(Stored data)

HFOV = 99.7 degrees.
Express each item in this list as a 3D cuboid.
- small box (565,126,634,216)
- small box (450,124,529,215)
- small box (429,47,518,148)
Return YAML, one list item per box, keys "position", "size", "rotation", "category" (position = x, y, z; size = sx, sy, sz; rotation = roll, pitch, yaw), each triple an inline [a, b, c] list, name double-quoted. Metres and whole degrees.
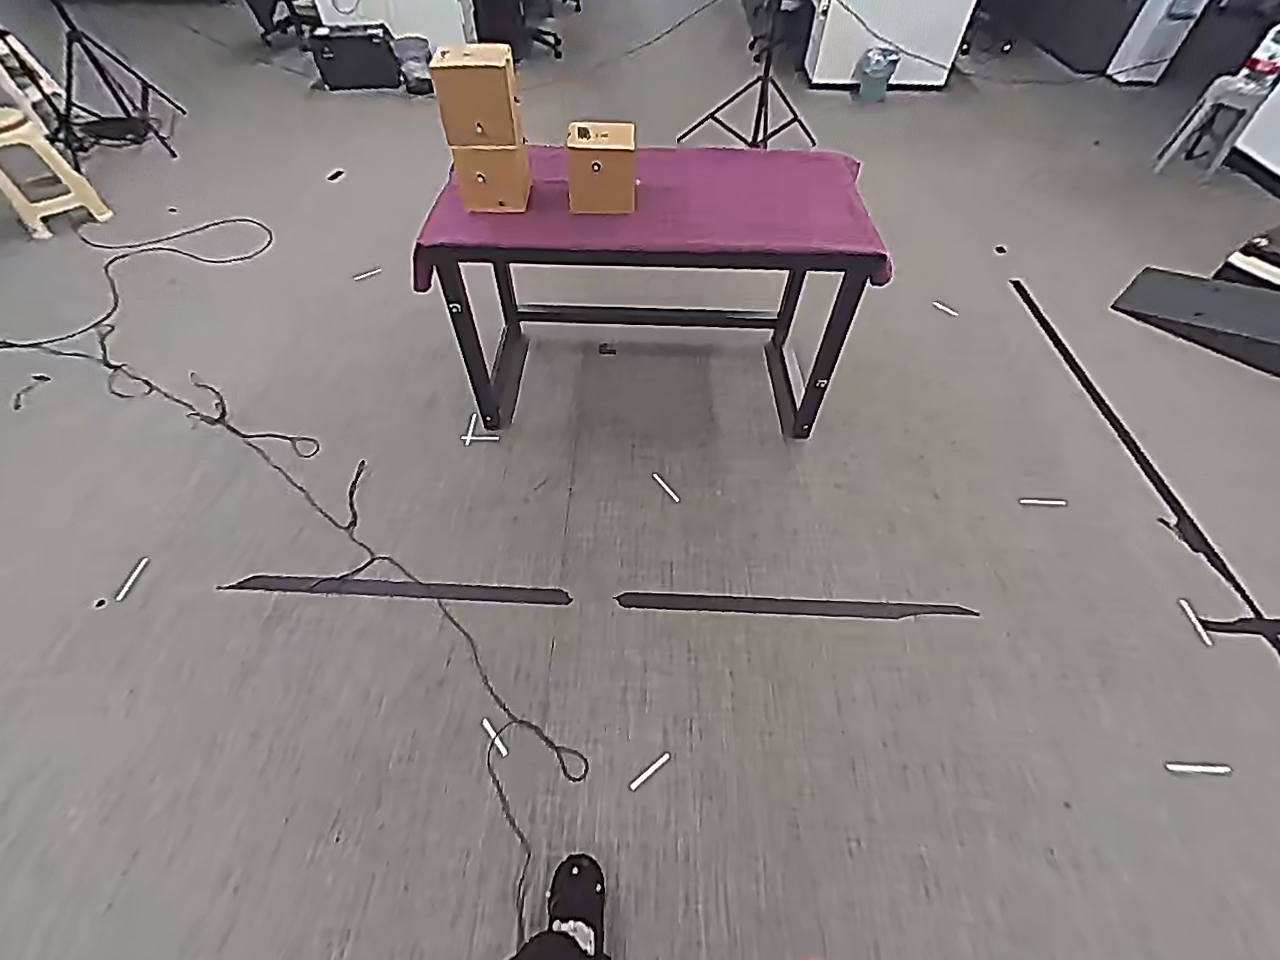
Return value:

▶ _Try it_
Only the text of the records belongs in your answer, repeated exactly; the pictures stay out.

▶ _Solution to the exercise_
HFOV = 99.7 degrees.
Express each item in this list as a 3D cuboid.
- small box (565,126,634,216)
- small box (450,124,529,215)
- small box (429,47,518,148)
Return YAML, one list item per box, keys "position", "size", "rotation", "category" (position = x, y, z; size = sx, sy, sz; rotation = roll, pitch, yaw), each triple an inline [a, b, c] list, name double-quoted. Metres and whole degrees.
Return value:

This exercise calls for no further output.